Выбрать главу

Вот, собственно, и все. А теперь — о письмах: их пришло много, и до сих пор идут.

* * *

Все чаще ловлю я себя на одной мысли: как мало мы ещё знаем друг о друге. И главное, часто узнать не пытаемся.

Весенне-летним утром 9 мая, я как всегда в этот день, спускался вниз по Петровке к площади у Большого театра. Навстречу мне поднимались двое. Он — по-спортивному поджарый, с короткой, как у школьника, стрижкой. Она — свесила на лоб черную челку, что придавало лицу её вид озорства и девичества. Они шли и тихо, задумчиво улыбались чему-то бывшему, а может быть, тому, что могло быть и не было. Брели они, взявшись за руки, точь-в-точь — школьники. Только голова его была седая, а правый пустой рукав он спрятал в карман. Только была она — в выцветшей, почти белой гимнастёрке. Только были они оба — при орденах и медалях.

Вот так, наверное, они бродили последний раз в субботний теплый день 21 июня 1941 года…

Таких встреч в тот день, 9 мая, было на площади у Большого десятки, а может, и сотни. Смех, слезы, улыбки, песни. И воспоминания: «А помнишь?..» Одного пожилого морского офицера окружила огромная толпа. К герою стал продираться фоторепортер. И навёл было на него уже камеру, и когда тот обернулся, собирался было уже щелкнуть, и вдруг опустил фотоаппарат в растерянности:

— Ты?

— Я.

— Ну ты даёшь. А как же я не знал-то?..

Оказалось, на одной лестничной клетке живут, и — как это бывает в больших московских домах — раз-два в месяц мимоходом видятся. Узнал теперь соседа по долгу, так сказать, службы.

Ах, как до обидного мало мы ещё знаем друг о друге!

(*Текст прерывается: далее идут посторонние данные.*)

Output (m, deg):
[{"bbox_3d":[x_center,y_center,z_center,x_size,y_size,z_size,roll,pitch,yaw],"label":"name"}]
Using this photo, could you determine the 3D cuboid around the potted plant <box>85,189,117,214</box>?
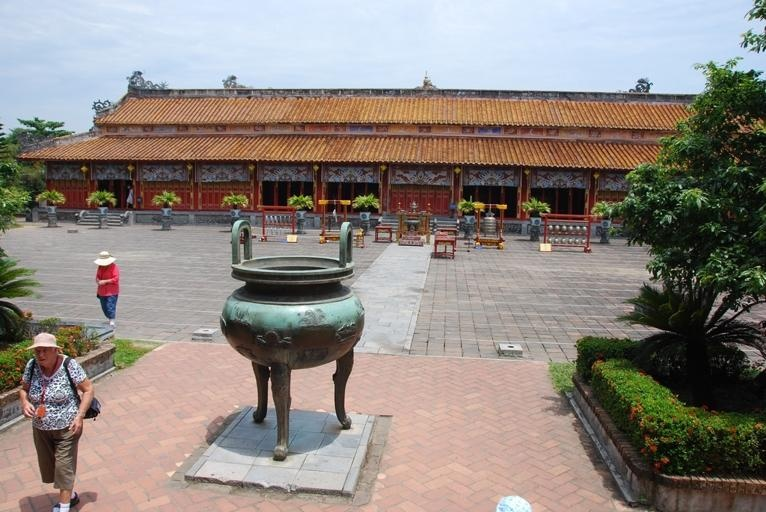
[{"bbox_3d":[-16.360,-3.248,32.449,1.887,1.209,1.799,3,7,4],"label":"potted plant"}]

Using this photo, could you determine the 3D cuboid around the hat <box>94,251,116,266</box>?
[{"bbox_3d":[-7.160,0.063,14.339,0.548,0.199,0.485,-1,13,7],"label":"hat"}]

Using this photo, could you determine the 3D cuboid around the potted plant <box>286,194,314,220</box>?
[{"bbox_3d":[-4.503,-2.707,30.463,1.549,1.375,1.490,0,1,3],"label":"potted plant"}]

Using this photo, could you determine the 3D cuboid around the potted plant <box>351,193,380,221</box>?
[{"bbox_3d":[-0.981,-2.804,31.201,1.682,1.537,1.614,0,0,1],"label":"potted plant"}]

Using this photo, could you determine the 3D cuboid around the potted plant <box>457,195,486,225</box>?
[{"bbox_3d":[4.956,-2.585,29.769,1.911,1.771,1.724,0,2,2],"label":"potted plant"}]

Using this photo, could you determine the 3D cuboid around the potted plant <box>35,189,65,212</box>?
[{"bbox_3d":[-19.588,-3.251,32.998,1.308,1.251,3.074,-8,18,-33],"label":"potted plant"}]

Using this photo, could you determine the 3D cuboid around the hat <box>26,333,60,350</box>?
[{"bbox_3d":[-4.094,1.011,6.686,0.332,0.133,0.313,-4,-3,40],"label":"hat"}]

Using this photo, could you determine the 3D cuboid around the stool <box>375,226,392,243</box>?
[{"bbox_3d":[-0.028,-1.032,26.905,0.940,0.795,0.900,0,2,5],"label":"stool"}]

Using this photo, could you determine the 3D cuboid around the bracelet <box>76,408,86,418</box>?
[{"bbox_3d":[-3.622,1.899,6.692,0.107,0.112,0.063,13,45,-18],"label":"bracelet"}]

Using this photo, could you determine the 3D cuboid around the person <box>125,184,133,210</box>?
[{"bbox_3d":[-15.421,-3.627,33.931,0.401,1.513,0.925,-8,18,-32],"label":"person"}]
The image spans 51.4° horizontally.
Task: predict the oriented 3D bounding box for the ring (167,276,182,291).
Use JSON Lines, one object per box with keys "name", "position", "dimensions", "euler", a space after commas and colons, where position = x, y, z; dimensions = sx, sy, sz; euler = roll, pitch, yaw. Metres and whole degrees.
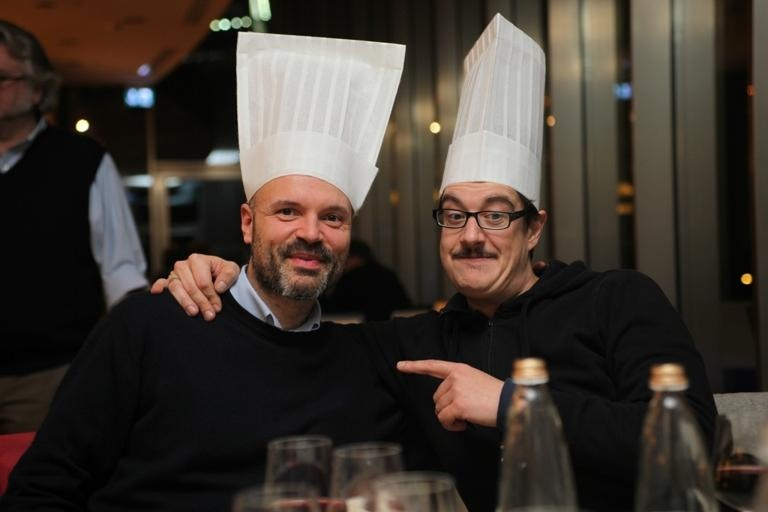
{"name": "ring", "position": [-0.728, 0.091, 2.776], "dimensions": [0.034, 0.048, 0.018], "euler": [-2, -26, -15]}
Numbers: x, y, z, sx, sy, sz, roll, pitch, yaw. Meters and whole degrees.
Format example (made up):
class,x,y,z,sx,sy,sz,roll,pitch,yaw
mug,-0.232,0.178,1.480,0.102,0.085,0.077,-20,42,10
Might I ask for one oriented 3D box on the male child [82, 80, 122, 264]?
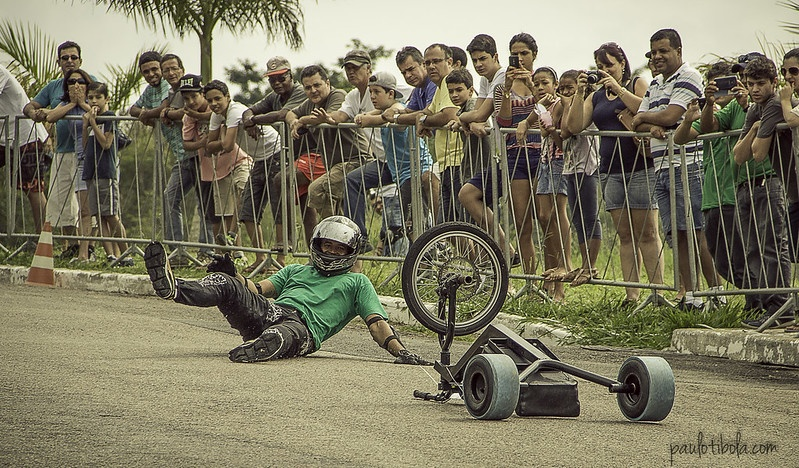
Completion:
class,x,y,z,sx,sy,sz,roll,pitch,yaw
male child,-4.401,-0.952,14.908,0.616,2.660,0.833,-5,11,-39

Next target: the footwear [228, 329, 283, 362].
class,x,y,z,sx,sy,sz,roll,pitch,yaw
footwear,-1.450,1.160,10.641,0.698,0.255,0.299,-15,1,-25

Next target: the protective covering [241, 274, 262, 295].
class,x,y,z,sx,sy,sz,roll,pitch,yaw
protective covering,-1.560,0.551,10.825,0.119,0.094,0.416,-34,-26,16

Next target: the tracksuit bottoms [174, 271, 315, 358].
class,x,y,z,sx,sy,sz,roll,pitch,yaw
tracksuit bottoms,-1.538,0.888,10.587,0.806,0.474,1.252,10,-3,28

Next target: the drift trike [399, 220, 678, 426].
class,x,y,z,sx,sy,sz,roll,pitch,yaw
drift trike,1.060,0.774,9.686,1.934,1.785,2.739,4,-3,-25

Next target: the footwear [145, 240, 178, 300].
class,x,y,z,sx,sy,sz,roll,pitch,yaw
footwear,-2.435,0.393,10.245,0.229,0.668,0.252,-11,-6,18

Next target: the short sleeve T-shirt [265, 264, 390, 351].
class,x,y,z,sx,sy,sz,roll,pitch,yaw
short sleeve T-shirt,-0.829,0.664,10.937,0.994,0.449,1.016,-19,41,-22

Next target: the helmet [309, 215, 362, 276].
class,x,y,z,sx,sy,sz,roll,pitch,yaw
helmet,-0.635,0.139,11.024,0.495,0.571,0.619,4,-1,10

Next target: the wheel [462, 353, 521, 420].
class,x,y,z,sx,sy,sz,roll,pitch,yaw
wheel,0.812,1.384,9.194,0.327,0.610,0.593,7,2,-27

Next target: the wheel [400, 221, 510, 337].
class,x,y,z,sx,sy,sz,roll,pitch,yaw
wheel,0.615,0.494,10.626,1.157,1.221,0.388,-8,-5,-18

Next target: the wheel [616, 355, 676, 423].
class,x,y,z,sx,sy,sz,roll,pitch,yaw
wheel,2.218,1.426,9.139,0.333,0.639,0.529,3,-3,-30
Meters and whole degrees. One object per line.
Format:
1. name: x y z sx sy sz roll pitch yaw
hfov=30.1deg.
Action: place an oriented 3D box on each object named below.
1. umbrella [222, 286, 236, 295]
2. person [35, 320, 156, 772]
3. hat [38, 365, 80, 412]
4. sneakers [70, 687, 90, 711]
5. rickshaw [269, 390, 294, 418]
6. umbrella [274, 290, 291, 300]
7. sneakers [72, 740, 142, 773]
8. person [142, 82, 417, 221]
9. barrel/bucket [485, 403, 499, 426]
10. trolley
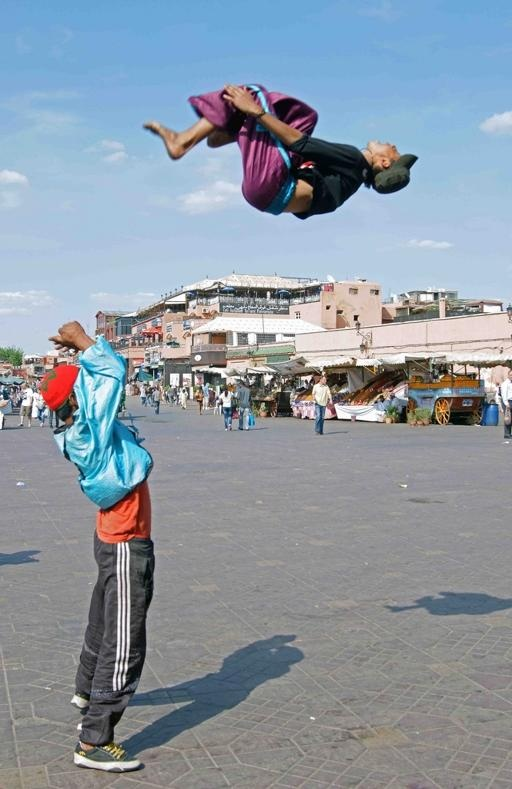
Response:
1. umbrella: -2.411 -9.166 83.810 0.852 0.462 0.768 1 4 8
2. person: -0.659 0.616 4.156 0.473 1.407 0.546 -3 1 -15
3. hat: -0.858 -0.043 4.195 0.164 0.200 0.084 -22 -40 21
4. sneakers: -0.789 1.395 4.351 0.060 0.059 0.148 8 -4 6
5. rickshaw: 1.051 0.428 38.667 0.802 0.775 1.159 1 2 -3
6. umbrella: 2.242 -8.741 83.003 0.994 0.770 1.890 -2 1 15
7. sneakers: -0.615 1.518 4.001 0.310 0.106 0.113 1 -6 -3
8. person: 0.094 -1.136 4.419 1.151 0.513 0.582 24 13 -9
9. barrel/bucket: 7.018 0.587 28.517 0.360 0.609 0.423 -2 1 0
10. trolley: 5.818 0.013 29.298 1.405 1.600 2.355 -1 0 -26
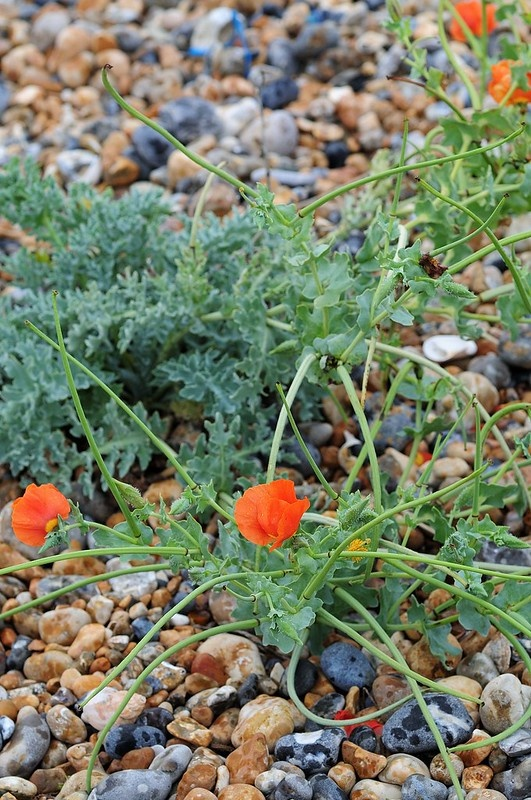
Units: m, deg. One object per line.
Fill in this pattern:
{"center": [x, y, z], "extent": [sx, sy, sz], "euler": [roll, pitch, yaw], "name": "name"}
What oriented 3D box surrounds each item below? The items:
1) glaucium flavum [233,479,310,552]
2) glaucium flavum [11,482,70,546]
{"center": [0.005, 0.122, 0.841], "extent": [0.056, 0.075, 0.086], "euler": [22, 33, 31], "name": "glaucium flavum"}
{"center": [-0.251, 0.141, 0.851], "extent": [0.084, 0.034, 0.080], "euler": [4, 41, 0], "name": "glaucium flavum"}
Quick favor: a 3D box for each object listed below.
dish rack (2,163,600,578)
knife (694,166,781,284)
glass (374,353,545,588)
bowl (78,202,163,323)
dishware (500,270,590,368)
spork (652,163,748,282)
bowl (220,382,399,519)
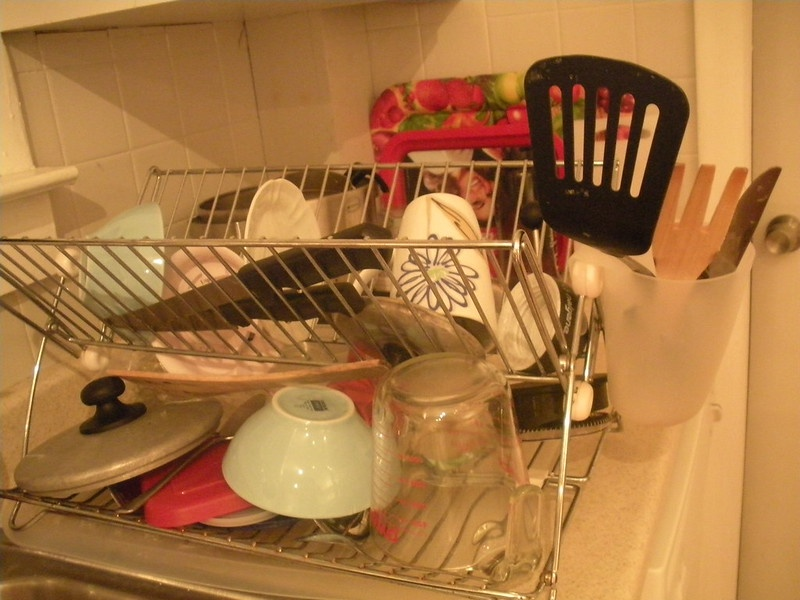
[{"bbox_3d":[-0.085,0.169,0.795,0.628,0.296,0.424,6,40,12],"label":"dish rack"},{"bbox_3d":[0.340,-0.075,0.614,0.060,0.110,0.038,-31,37,-33],"label":"knife"},{"bbox_3d":[0.046,0.142,0.530,0.148,0.137,0.141,-1,31,13],"label":"glass"},{"bbox_3d":[-0.290,-0.032,0.686,0.103,0.132,0.058,-10,-14,36],"label":"bowl"},{"bbox_3d":[0.171,0.015,0.702,0.043,0.095,0.100,18,54,-24],"label":"dishware"},{"bbox_3d":[0.307,-0.068,0.657,0.076,0.148,0.012,9,26,4],"label":"spork"},{"bbox_3d":[-0.093,0.135,0.618,0.174,0.075,0.169,8,18,-3],"label":"bowl"}]
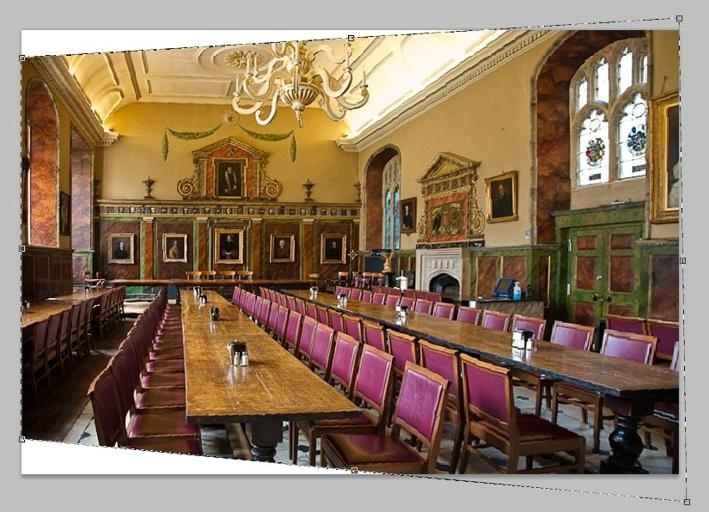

Вот что пишет Дмитрий Кривов, осмотрщик вагонов станции Борисов Минской области: «С нами на станции работает Шерый Александр Дорофеевич. С 14-й дивизией он дошёл до логова врага. Наш Дорофеич при форсировании реки Висла проявил геройство, и Родина высоко оценила его, наградив орденом Славы II степени. За форсирование Буга он был награждён орденом Славы III степени. Ещё он награждён медалями «За отвагу», «За боевые заслуги», «За взятие Берлина»… Ныне наш Дорофеич вот уже более 20 лет работает на железнодорожном транспорте осмотрщиком вагонов, ударник коммунистического труда.

И вот праздник — День Победы… Да хотя бы кто-нибудь вспомнил о нем! Не было у нас ни собраний, ни торжественных — никаких… А гвардии сержант Шерый не жалел своей жизни, приближая радостный День Победы. И возможно, хоть на пять минут, да приблизил. Он не думал тогда о наградах, но Родина не забыла его. Почему же наша администрация забыла?».

В Харькове, например, произошла почти уникальная история. Работал человек в учреждении перед войной. Ушел на фронт. Погиб. Сейчас фамилия этого человека забыта, а родственникам погибшего руководители учреждения ответили: довоенные архивы не сохранились, работал ли он у нас, не знаем, свидетелей нет. Нашли свидетелей. Работало тогда с погибшим семь человек. И все семь ушли на фронт. И все семь не вернулись.

Странно, что всем этим занимаются, судя по всему, только родственники погибшего, как будто в сорок первом он ушел защищать только их одних.

Память — понятие многозначное. Встречи ветеранов войны с рабочими, служащими, школьниками. Грамоты, премии в юбилейные дни. Грандиозные памятные комплексы, заботливо ухоженные братские могилы. Огромная военно-патриотическая работа, которой заняты и юные следопыты, и убеленные сединами. Все это — память.

И песни по радио, и выступления в газетах время от времени. Память.

Но красных дней в календаре не так много. И всякая песня имеет конец. А вот в будни — всегда ли думаем мы о фронтовиках, о том, что есть среди них и неустроенные люди. А ведь это тоже — память. И эта наша житейская, что ли, ежедневная память о них не меньше для них важна, чем память песенная.

«Был я артиллеристом, заряжающим,— пишет инвалид I группы А. Гишвалинер из Днепропетровска. — Фашисты расстреляли мою мать, сестру и троих маленьких детей. Сам я был контужен в позвоночник, годами лежал в разных госпиталях, и в Днепропетровск меня привезли из иркутского госпиталя на носилках в сопровождении двух санитарок. На вокзале уложили на двухколесную тачку и привезли домой… Я многие годы, ни за какой помощью, ни к кому не обращался. Единственное мне нужно — телефон, жена не может почти каждую ночь по нескольку раз ходить за два квартала и вызывать из «автомата» «неотложную помощь». А соседям многим телефоны уже поставили».